Кто может построить мир так, чтоб в нём исчезла вражда богатых людей, которые из жадности к деньгам затевают кровавые войны и безнаказанно грабят друг друга, как японцы китайцев?
Такой мир могут построить только рабочие. Только рабочие могут прекратить бесполезный труд, затрачиваемый на выработку ружей, пушек, военных судов. Они смогут сделать это тогда, когда везде, во всём мире отнимут власть из рук богатых, как это сделали русские рабочие. Вы, ребята, видите, что русские рабочие, хозяйствуя на своей земле, дают возможность свободно учиться людям всех племён, живущих на русской земле, и учат их не поддаваться обману попов и внушениям стариков, чей разум слепо затемнён веками безграмотности.
Примеру рабочих русских следуют рабочие всего мира, постепенно организуясь на борьбу против капиталистов. И вы, молодёжь племён Сахалина, тоже должны принять в плоть и кровь вашу это учёние, освобождающее весь трудовой народ земли.
Вам — как всем — надобно понять, что вы учитесь не только для себя, не только для того, чтобы освободить сородичей и единоплеменников ваших из плена тёмной старины, — вы учитесь для того, чтоб включить вашу свободную энергию в работу всего трудового народа земли, — в работу завоевания власти трудящихся над миром, в работу уничтожения угнетателей, хищников, паразитов.
Желаю вам, дети, бодрости духа и неутомимости в труде постижения грамоты!
Ответ В. Золотухину
Товарищ Золотухин приводит в письме своём фразу мою «Я страдал тогда фанатизмом знания». Эта фраза — весьма яркий пример непродуманного пользования словами, ибо в ней противоестественно соединены понятия, враждебные одно другому и взаимно отрицающие друг друга.
Во-первых: неправильно и неуместно употреблён глагол «страдать»: познание — это удовольствие, наслаждение, а не страдание. Но главная ошибка — в соединении «знания» и «фанатизма». Понятие «фанатизм» образовано из латинского слова «фанум» — храм, святыня. Его ввели в речь церковники, и оно выражает настроение, наиболее свойственное именно церковникам всех религий, христианской же особенно сильно. Настроение это вытекает из глубоко личного — субъективного — «чувства веры», создаёт «символы веры» и, охраняя эти символы, не только ограничивает знание, а решительно препятствует росту мысли, исследующей явления природы, общественной жизни, создающей науку. Социальная основа фанатизма — инстинкт собственности и непосредственно вытекающее из него стремление к власти, необходимой для охраны личной — частной — собственности. Этот инстинкт, это стремление наиболее ревниво и деятельно воспитывалось христианской, римско-католической церковью и особенно резко выражено в её борьбе за власть над миром. В евангелии, основной книге христиан, Христос говорит: «Царство моё — не от мира сего», но епископы Рима — «папы», — провозгласив себя «наместниками Христа на земле», непрерывно и не стесняясь никакими средствами, боролись — и борются — именно за власть над этим, нашим, земным миром, который мы создаём и изменяем.

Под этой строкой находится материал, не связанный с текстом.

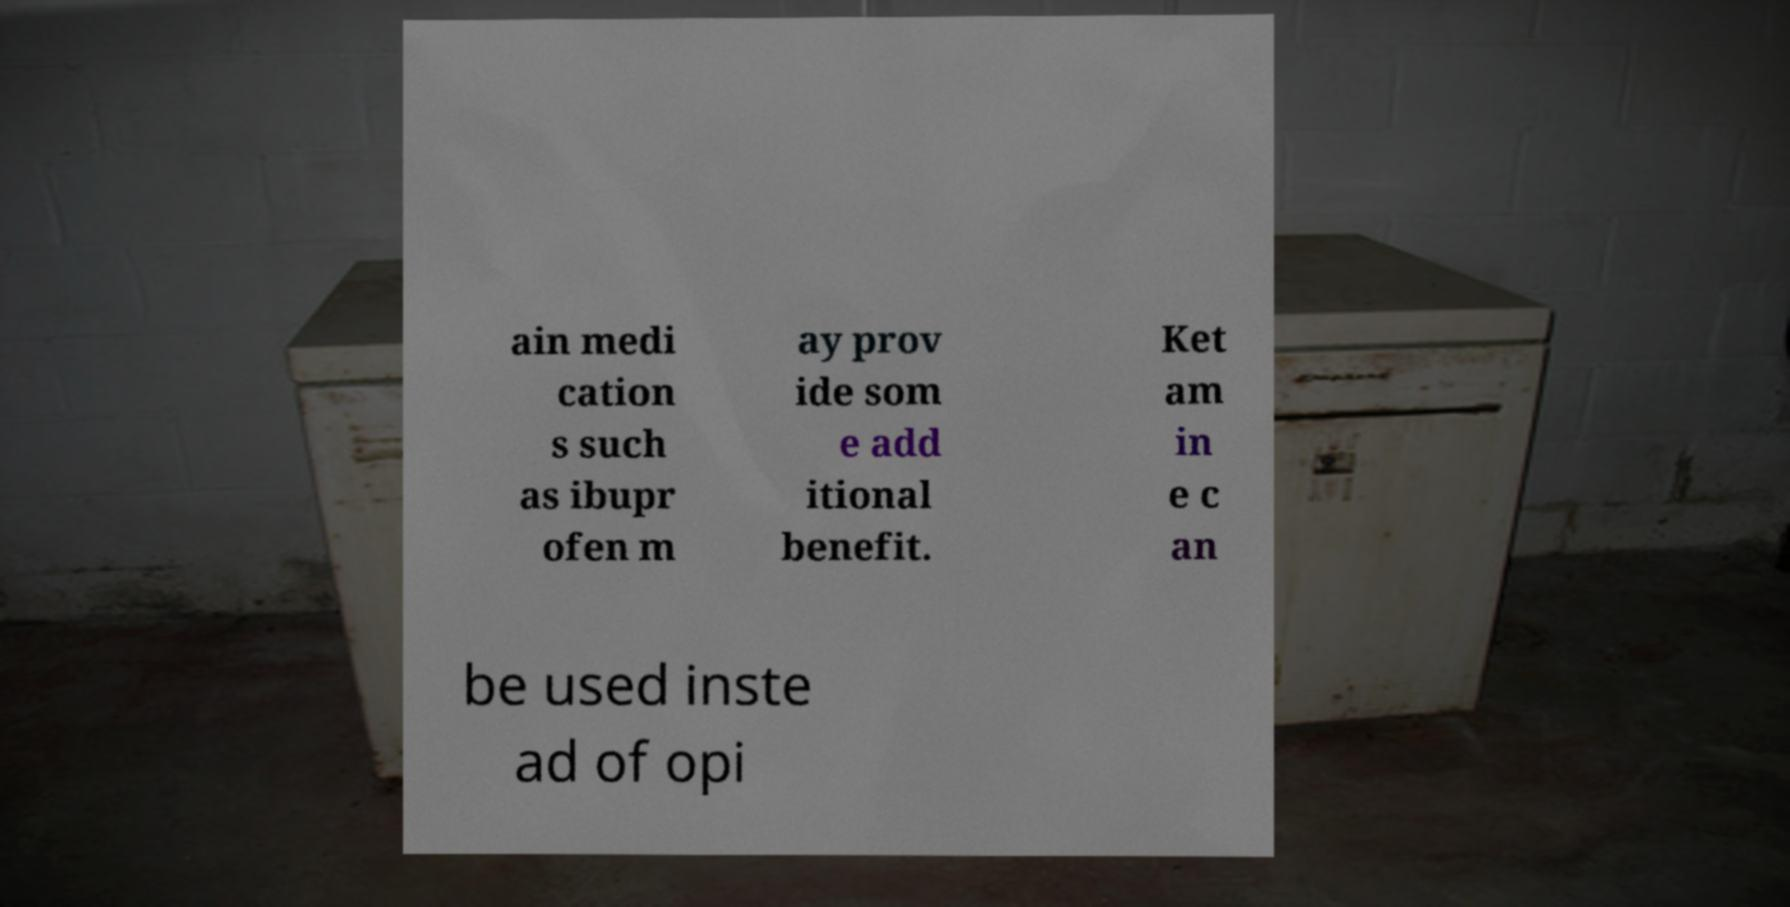For documentation purposes, I need the text within this image transcribed. Could you provide that? ain medi cation s such as ibupr ofen m ay prov ide som e add itional benefit. Ket am in e c an be used inste ad of opi 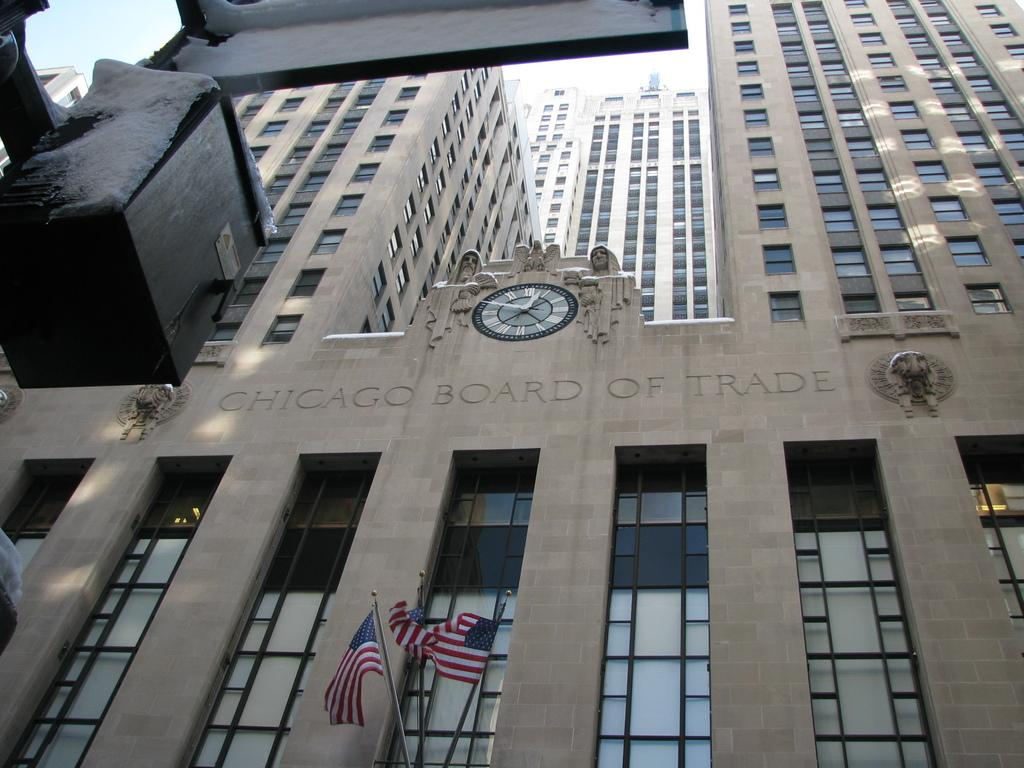What can be seen flying in the image? There are flags in the image. What type of structures are visible in the background? There are buildings in the background of the image. Is there any writing or text visible in the image? Yes, there is text written on the buildings. What type of nut is being used to sharpen the pencil in the image? There is no nut or pencil present in the image, so this question cannot be answered. 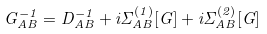Convert formula to latex. <formula><loc_0><loc_0><loc_500><loc_500>G _ { A B } ^ { - 1 } = D _ { A B } ^ { - 1 } + i \Sigma _ { A B } ^ { ( 1 ) } [ G ] + i \Sigma _ { A B } ^ { ( 2 ) } [ G ]</formula> 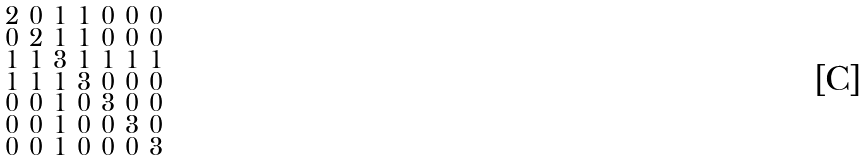<formula> <loc_0><loc_0><loc_500><loc_500>\begin{smallmatrix} 2 & 0 & 1 & 1 & 0 & 0 & 0 \\ 0 & 2 & 1 & 1 & 0 & 0 & 0 \\ 1 & 1 & 3 & 1 & 1 & 1 & 1 \\ 1 & 1 & 1 & 3 & 0 & 0 & 0 \\ 0 & 0 & 1 & 0 & 3 & 0 & 0 \\ 0 & 0 & 1 & 0 & 0 & 3 & 0 \\ 0 & 0 & 1 & 0 & 0 & 0 & 3 \end{smallmatrix}</formula>

Особенно характерным фактом такой цинической и кровавой борьбы за светскую власть является борьба пап Григория VII, Иннокентия III и [Иннокентия] IV. При последнем был врагом церкви Фридрих Гогенштауфен, король двух Сицилии, талантливый человек и «вольнодумец», который, между прочим, «глумился над христианской религией» и предлагал своему дворянству «создать несравненно лучший догмат веры и образ жизни», за что был проклят папой и «отлучён от церкви», — отлучение давало право подданным Фридриха не считать его своим королём и не подчиняться ему. Но в ту пору — во второй половине XII века — озлобление против римской церкви и епископов её было таково, что даже лавочники и ремесленники городов Германии встали на защиту власти короля и дворян, «так что никто со знаком креста не смел появляться на улице, не рискуя быть оскорблённым и даже убитым», как рассказывают хроники той поры.
В XII веке папы организовали «инквизицию» — учреждение, на которое была возложена обязанность борьбы против церковных ересей и вообще свободной мысли. Инквизиция — самое значительное и гнусное, чего достигла церковь в процессе воспитания людей продажными предателями, лживыми, лицемерными и жестокими. «Даже мёртвые не избавлялись от преследования инквизиции». Если после смерти человека оказывалось, что он при жизни мыслил нецерковно, труп его вырывали из могилы и жгли на костре так же, как жгли живых людей. Имя еретика торжественно проклиналось, «предавалось бесчестию», у наследников отбирали имущество в пользу церкви. Преследовался не только факт протеста, но самая идея его, возможность протеста.